[Recorded information — start]
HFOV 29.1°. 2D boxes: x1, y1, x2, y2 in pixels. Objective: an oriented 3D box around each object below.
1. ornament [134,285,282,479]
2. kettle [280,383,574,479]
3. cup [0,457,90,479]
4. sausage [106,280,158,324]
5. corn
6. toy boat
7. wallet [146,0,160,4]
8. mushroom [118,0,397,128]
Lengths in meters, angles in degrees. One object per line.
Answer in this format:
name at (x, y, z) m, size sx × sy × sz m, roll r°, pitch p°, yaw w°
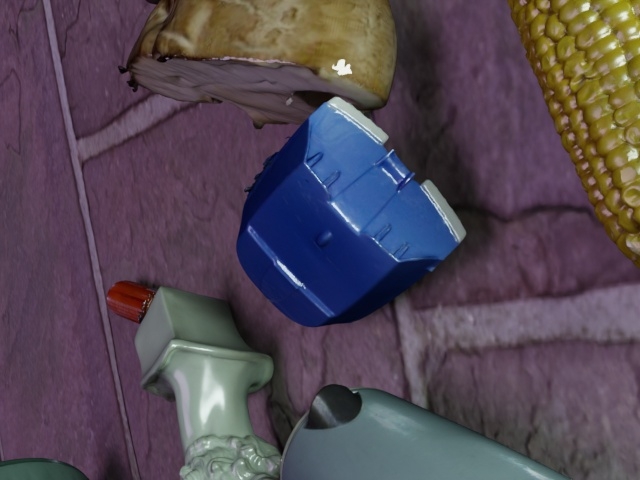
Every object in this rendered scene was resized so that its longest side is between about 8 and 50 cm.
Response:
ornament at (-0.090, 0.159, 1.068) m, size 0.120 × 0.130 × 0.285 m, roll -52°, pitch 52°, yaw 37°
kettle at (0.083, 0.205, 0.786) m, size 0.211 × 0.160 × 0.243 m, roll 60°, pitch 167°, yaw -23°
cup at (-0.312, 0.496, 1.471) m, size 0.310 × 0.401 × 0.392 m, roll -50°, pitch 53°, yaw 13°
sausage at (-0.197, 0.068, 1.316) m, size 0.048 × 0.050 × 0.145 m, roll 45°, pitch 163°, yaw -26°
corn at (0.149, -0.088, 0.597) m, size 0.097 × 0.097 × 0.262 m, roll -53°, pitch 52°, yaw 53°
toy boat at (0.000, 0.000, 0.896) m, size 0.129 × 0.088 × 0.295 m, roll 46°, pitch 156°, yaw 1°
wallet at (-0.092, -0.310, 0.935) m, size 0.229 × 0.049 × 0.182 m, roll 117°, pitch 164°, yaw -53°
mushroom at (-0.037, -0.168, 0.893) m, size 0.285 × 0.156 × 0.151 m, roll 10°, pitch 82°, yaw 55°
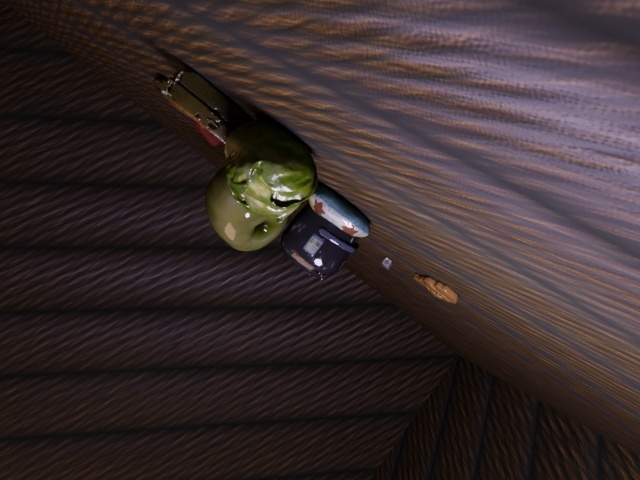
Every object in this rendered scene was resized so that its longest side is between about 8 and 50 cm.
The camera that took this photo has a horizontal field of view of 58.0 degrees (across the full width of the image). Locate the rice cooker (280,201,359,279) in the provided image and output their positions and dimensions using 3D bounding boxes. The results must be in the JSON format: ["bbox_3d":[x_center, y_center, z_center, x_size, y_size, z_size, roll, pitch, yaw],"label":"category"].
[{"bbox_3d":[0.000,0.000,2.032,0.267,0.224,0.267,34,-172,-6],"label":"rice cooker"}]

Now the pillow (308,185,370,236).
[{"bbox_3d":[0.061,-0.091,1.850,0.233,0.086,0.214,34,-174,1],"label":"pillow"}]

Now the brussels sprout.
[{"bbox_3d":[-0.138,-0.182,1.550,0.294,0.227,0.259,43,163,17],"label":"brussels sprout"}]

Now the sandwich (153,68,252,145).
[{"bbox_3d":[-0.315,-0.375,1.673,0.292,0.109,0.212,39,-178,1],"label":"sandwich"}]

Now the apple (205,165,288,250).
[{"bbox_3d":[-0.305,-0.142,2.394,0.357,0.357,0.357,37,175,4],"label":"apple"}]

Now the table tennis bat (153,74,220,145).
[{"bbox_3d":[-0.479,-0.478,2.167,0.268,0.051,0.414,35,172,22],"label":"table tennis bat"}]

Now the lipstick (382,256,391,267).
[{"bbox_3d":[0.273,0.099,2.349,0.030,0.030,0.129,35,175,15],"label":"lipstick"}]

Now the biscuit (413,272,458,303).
[Recorded information — finish]
Count the lines in these records that hold the string "object". Only the number is wanted.

▸ Exercise answer
4